▶ **Work to complete**
Quote the records that follow in full and exactly; leave out the pictures.

▶ **Dataset content**
-=-=-

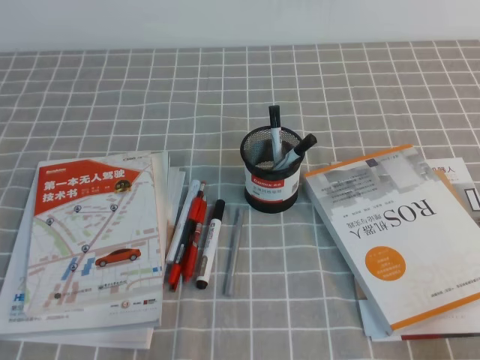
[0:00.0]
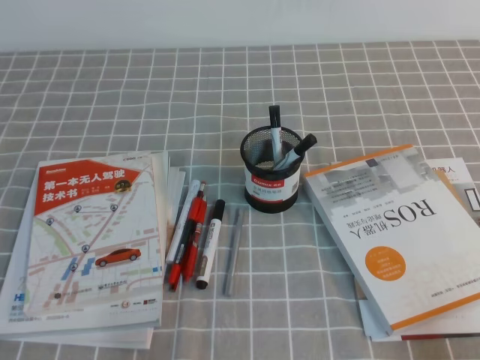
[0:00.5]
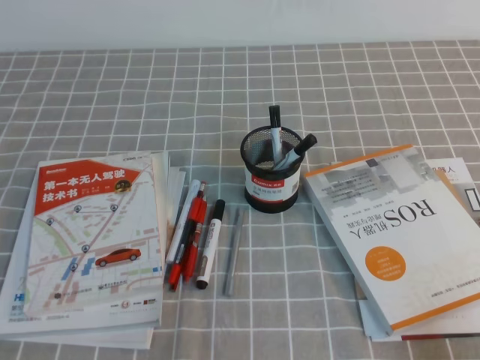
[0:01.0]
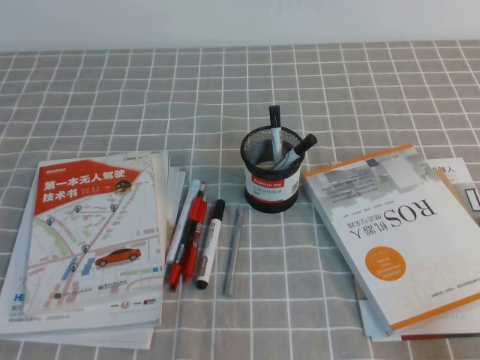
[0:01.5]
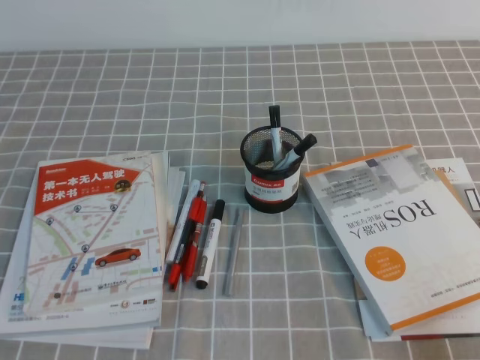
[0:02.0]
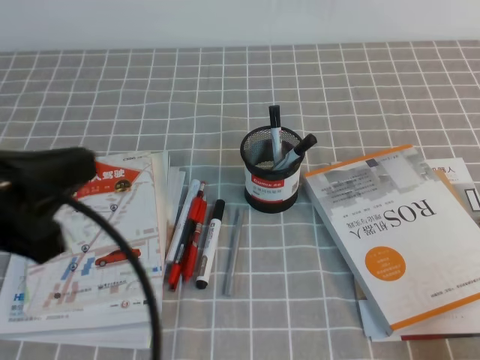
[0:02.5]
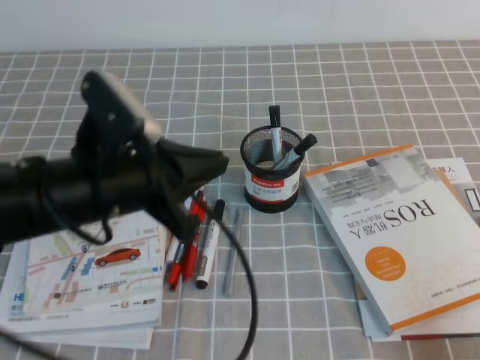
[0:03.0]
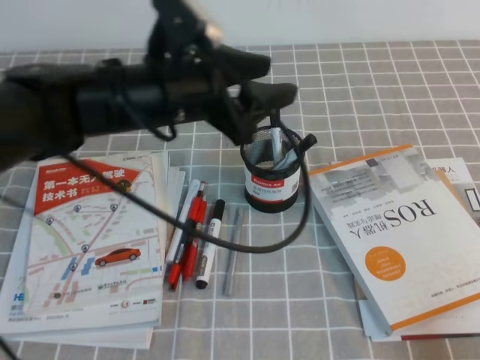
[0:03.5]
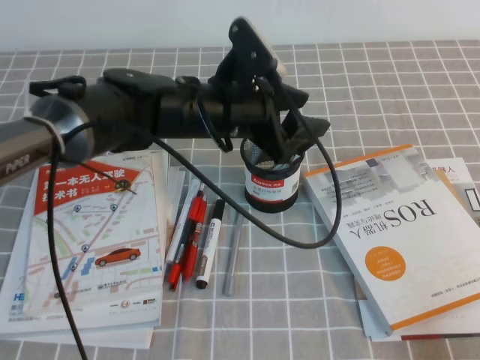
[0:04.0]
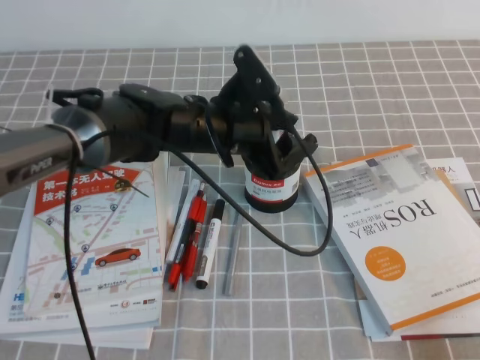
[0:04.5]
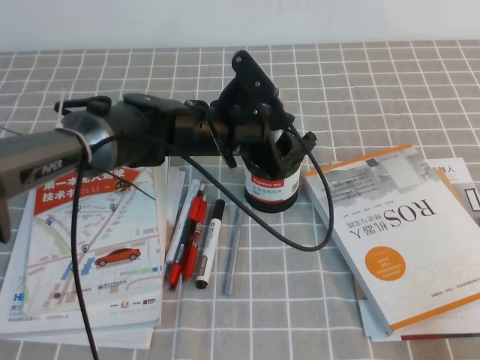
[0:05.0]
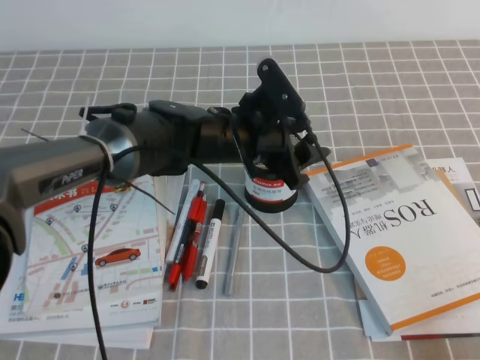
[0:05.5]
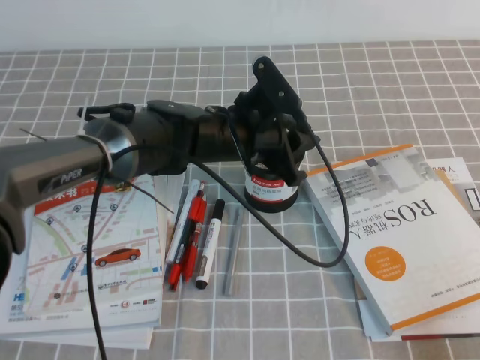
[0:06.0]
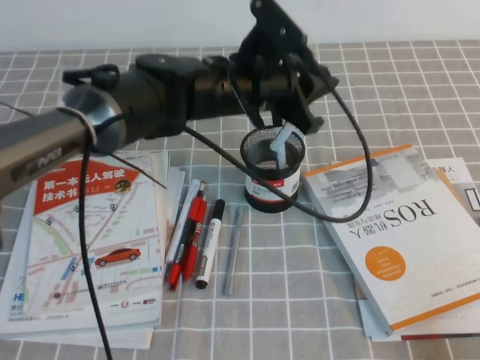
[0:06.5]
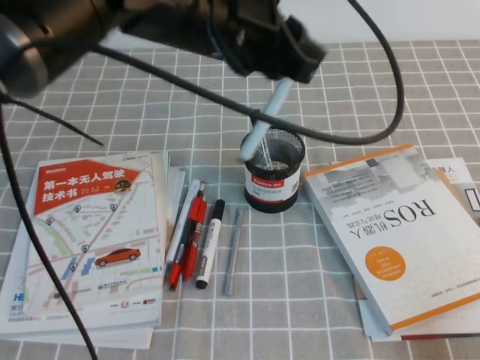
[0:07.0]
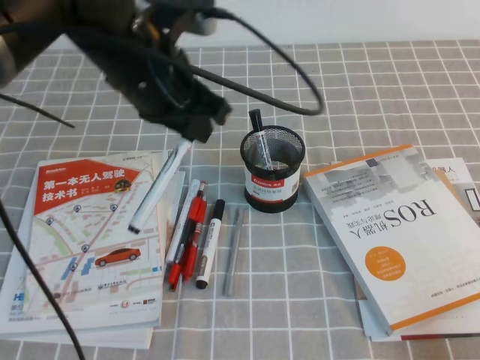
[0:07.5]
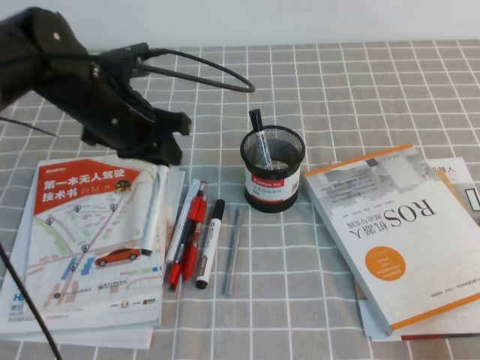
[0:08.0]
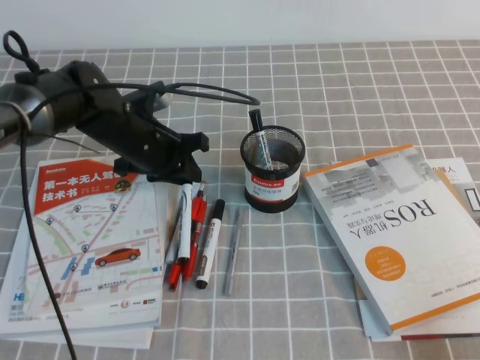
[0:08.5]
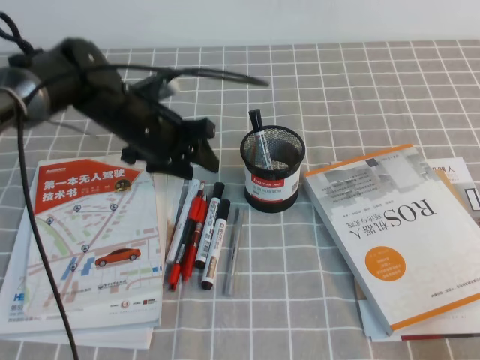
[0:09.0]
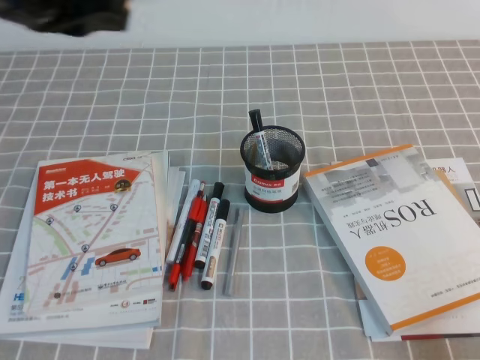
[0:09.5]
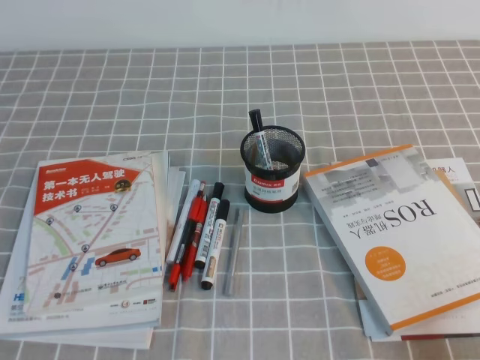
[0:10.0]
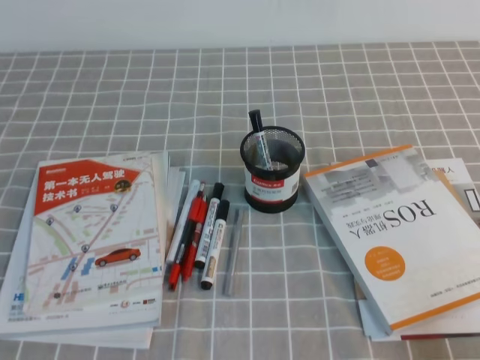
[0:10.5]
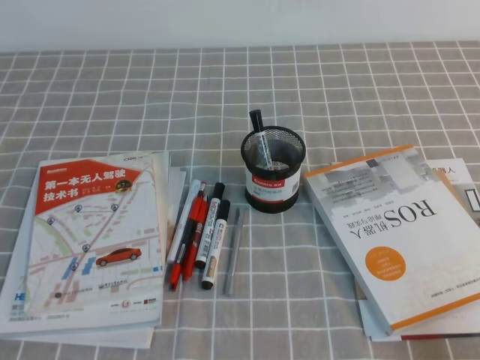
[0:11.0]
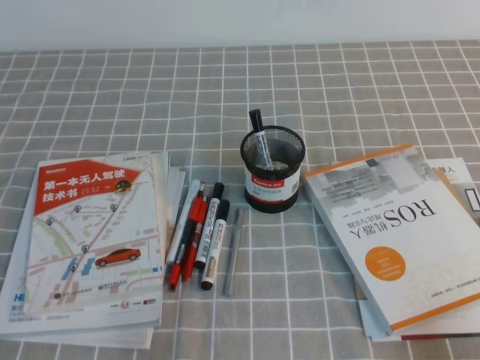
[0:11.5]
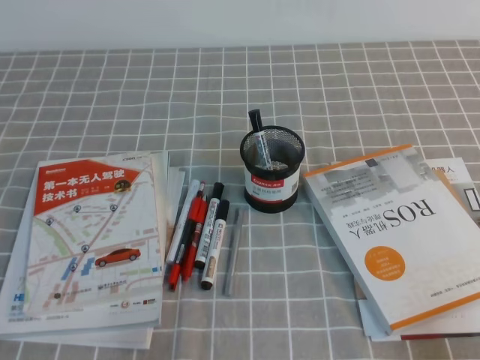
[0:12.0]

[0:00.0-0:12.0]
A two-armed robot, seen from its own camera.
Step, 0:00.0 to 0:12.0: Pick up the pen from the pen holder.
0:02.0 to 0:04.0: The left gripper travels forward and to the right by about 40 cm, and opens up.
0:04.0 to 0:06.0: The left gripper shifts by some 5 cm, and closes its fingers.
0:06.0 to 0:08.0: The left gripper is displaced to the left by some 15 cm, and travels upward and back again, approximately 15 cm each way.
0:08.0 to 0:10.0: The left gripper heads backward, covering approximately 30 cm, and opens, then closes once more.
0:10.0 to 0:12.0: The left gripper is displaced downward by some 20 cm.

-=-=-

▶ **Response**
[0:00.0]
[0:00.5]
[0:01.0]
[0:01.5]
[0:02.0]
[0:02.5]
[0:03.0]
[0:03.5]
[0:04.0]
[0:04.5]
[0:05.0]
[0:05.5]
[0:06.0]
[0:06.5]
[0:07.0]
[0:07.5]
[0:08.0]
[0:08.5]
[0:09.0]
[0:09.5]
[0:10.0]
[0:10.5]
[0:11.0]
[0:11.5]
[0:12.0]

[0:00.0-0:12.0]
A two-armed robot, seen from its own camera.
Step, 0:00.0 to 0:12.0: Pick up the pen from the pen holder.
0:02.0 to 0:04.0: The left gripper travels forward and to the right by about 40 cm, and opens up.
0:04.0 to 0:06.0: The left gripper shifts by some 5 cm, and closes its fingers.
0:06.0 to 0:08.0: The left gripper is displaced to the left by some 15 cm, and travels upward and back again, approximately 15 cm each way.
0:08.0 to 0:10.0: The left gripper heads backward, covering approximately 30 cm, and opens, then closes once more.
0:10.0 to 0:12.0: The left gripper is displaced downward by some 20 cm.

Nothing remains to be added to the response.